Joe Pantginis: No, it does. And I guess maybe just a little on the — for the listeners and everyone and investors in general, benchmarking, you would look at from an efficacy standpoint,
William Rice: Yeah. So Ref, do you want to put that in context relative to the ADMIRAL trial? And Joe, thanks for the questions.
Rafael Bejar: Yeah, exactly. I think that that’s the way you need to view it is, what population are we treating and what expectations might they have from alternatives if Tustin wasn’t available. And remember, these are patients who, if they have FLT3 mutated and have seen FLT3 inhibitors, they’ve likely been through at least two lines of prior therapy. So they’re coming to us third line or beyond. In the second line setting, with the study at the early — at the interim analysis for gilteritinib, the CR/CRh rate was 21%. Now, later, that matured, especially with the inclusion of patients whose best response was measured after transplant. But at the point of that interim analysis that led to the approval of the drug, that was 21% in second line in patients, largely naive of other therapies.
So we would argue that a meaningful number in the third line setting would be significantly less than that. Perhaps, as low as half of that, or somewhere between half to that range, given that the alternatives for those patients at that point are going to be even less effective than they might have been in the second line setting as they were in the Admiral study where the chemotherapy response rate for CR was about 11%. So, that’s the ballpark that we’re working with and what we come down with, with the FDA, I think, we’ll then shape the scope of the study, the size, and so on and that’s the discussion we’re going to have.
Joe Pantginis: Great. Yeah, but the bar is fairly low for that patient population, as you said. Many of them will have already failed, other FLT3 inhibitor, venetoclax and more and more patients that are coming along now, especially in the US are having our much more experience with prior drug therapy. And so these patients are very difficult to treat. So we think the bar will not be exceptionally high but we also believe we can achieve it.
Operator: Our next question comes from the line of Edward Tenthoff with Piper Sandler. Your line is opus.
Edward Tenthoff: Great.

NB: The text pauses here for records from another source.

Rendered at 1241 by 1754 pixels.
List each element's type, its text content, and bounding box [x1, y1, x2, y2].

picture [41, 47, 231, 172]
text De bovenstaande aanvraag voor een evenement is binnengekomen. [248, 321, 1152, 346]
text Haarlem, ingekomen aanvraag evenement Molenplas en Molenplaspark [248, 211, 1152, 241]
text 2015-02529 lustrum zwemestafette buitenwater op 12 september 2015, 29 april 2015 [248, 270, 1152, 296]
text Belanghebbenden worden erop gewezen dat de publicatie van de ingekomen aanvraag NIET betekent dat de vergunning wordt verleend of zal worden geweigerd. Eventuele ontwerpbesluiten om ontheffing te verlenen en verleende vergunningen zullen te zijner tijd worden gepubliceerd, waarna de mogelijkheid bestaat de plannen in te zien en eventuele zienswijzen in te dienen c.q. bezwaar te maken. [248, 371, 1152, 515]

Thank you very much and congrats on all the progress. It’s going to be an exciting year. I think most of the questions on 235 or 539 were asked, but I wanted to ask on lock’s sort of higher level how this fits into the treatment para or how this treats into your development plans. And specifically, what are expectations here? Is this a drug that you would consider partnering? Does it ultimately have comparability, maybe even with 539? Thanks very much.
William Rice: Hey, thanks Ted, for the questions. Yeah, we don’t get that many questions on Lux anymore but we’re still excited by the drug. Now that we have our new formulation, and especially as we go up to that next higher dose level, that’s the plan now, and we hope we get higher exposure as we go into that. But in terms of what we would like to do with this molecule, first of all, I must say that Tuspetinib is our top priority among everything and it has to be because it is delivering, it’s more advanced, it’s delivering, but Lux, as we move forward, we’d love to see that we’re getting the exposure that we want, and that the pill burden is also much less cost of goods, much less. If we continue to see activity in AML, we have done studies where we’ve put Tus and Lux together, and they are not antagonistic.